DSP in the case of a shared clock and a shared local oscillator.

This simplifies a lot the DSP, since there is no clock difference or beat frequency.

The procedure is the following:

• Recovery of the Zadoff-Chu sequence

• Recovery of the pilot (per subframe)

• Unshift signal (per subframe)

• Apply match filter (per subframe)

• Downsample (per subframe)

• Correct relative phase noise (per subframe)

The output has still a global phase noise.

Parameters:

• data (np.ndarray) – data received by Bob.

• symbol_rate (float) – symbol rate for the quantum data, in Symbols per second.

• dac_rate (float) – DAC rate, in Hz.

• adc_rate (float) – ADC rate in Hz.

• num_symbols (int) – number of symbols.

• roll_off (float) – roll-off for the RRC filter.

• frequency_shift (float) – frequnecy shift in Hz for the quantum data.

• num_pilots (int) – number of pilots.

• pilots_frequencies (np.ndarray) – list of frequencies of the pilots.

• zc_length (int) – length of the Zadoff-Chu sequence.

• zc_root (int) – root of the Zadoff-Chu sequence.

• zc_rate (float) – rate of the Zadoff-Chu sequence.

• process_subframes (bool, optional) – if True, data is processed as subframes. Defaults to False.

• subframe_length (int, optional) – number of symbols to recover in each subframe. Defaults to 0.

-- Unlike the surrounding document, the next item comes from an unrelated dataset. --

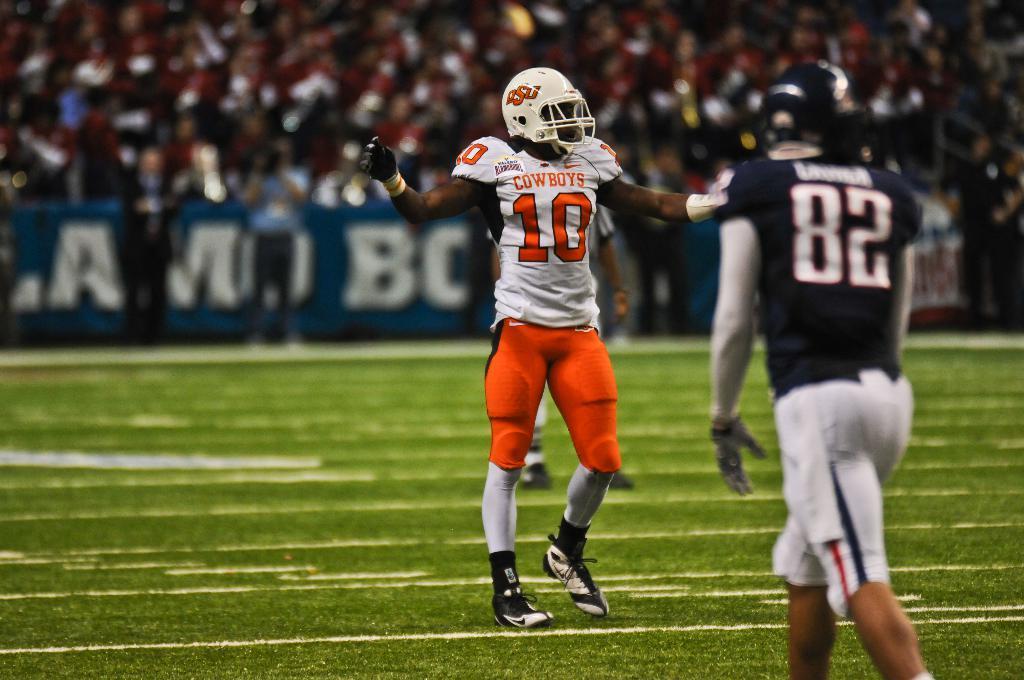Describe this image in one or two sentences. In this image I can see few people are wearing different color dresses. Back I can see the boards and blurred background. 
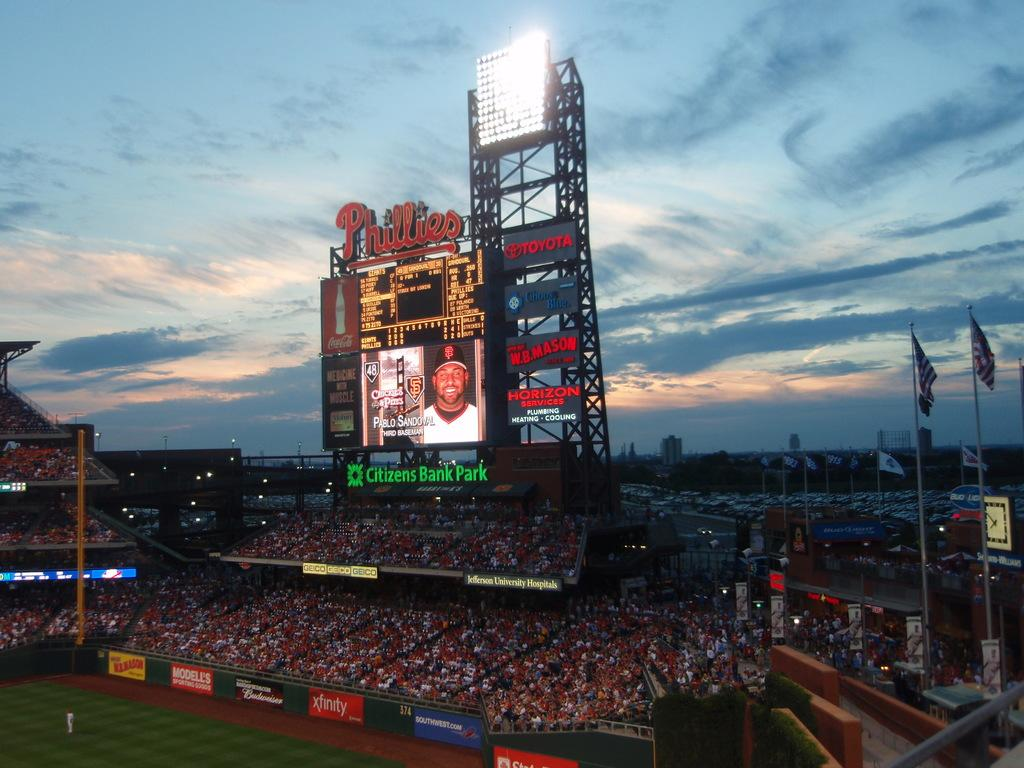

• fir_size (int, optional) – size for the FIR filters. Defaults to 500.

• tone_filtering_cutoff (float, optional) – cutoff, in Hz, for the filter of the tone. Defaults to 10e6.

• pilot_phase_filtering_size (int, optional) – size of the uniform1d filter to filter the phase correction. Defaults to 0.

• schema (DetectionSchema, optional) – detection schema to use for the DSP. Defaults to qosst_core.schema.emission.SINGLE_POLARISATION_RF_HETERODYNE.

• debug (bool, optional) – if True, a debug dict is returned. Defaults to False.

Returns:

list of np.ndarray, each one corresponding to the recovered symbols for a subframe, SpecialDSPParams object to give to the special dsp, and DSPDebug object if debug was true.

Return type:

Tuple[List[np.ndarray], SpecialDSPParams, Optional[DSPDebug]]

qosst_bob.dsp.dsp._dsp_bob_shared_clock_unshared_lo(data: ~numpy.ndarray, symbol_rate: float, dac_rate: float, adc_rate: float, num_symbols: int, roll_off: float, frequency_shift: float, num_pilots: int, pilots_frequencies: ~numpy.ndarray, zc_length: int, zc_root: int, zc_rate: float, process_subframes: bool = False, subframe_length: int = 0, fir_size: int = 500, tone_filtering_cutoff: float = 10000000.0, excl: ~typing.List[~typing.Tuple[float, float]] | None = None, pilot_phase_filtering_size: int = 0, schema: ~qosst_core.schema.detection.DetectionSchema = <qosst_core.schema.detection.DetectionSchema object>, debug: bool = False) → Tuple[List[ndarray] | None, SpecialDSPParams | None, DSPDebug | None]

DSP in the case of a shared clock and an unshared local oscillator.

This simplifies the DSP, since there is no clock difference.

The procedure is the following:

• Estimation of f_beat (to find the Zadoff-Chu sequence)

• Recovery of the Zadoff-Chu sequence

• Recovery of the pilot (per subframe)

• Estimation of f_beat (per subframe)

• Unshift signal (per subframe)

• Apply match filter (per subframe)

• Downsample (per subframe)

• Correct relative phase noise (per subframe)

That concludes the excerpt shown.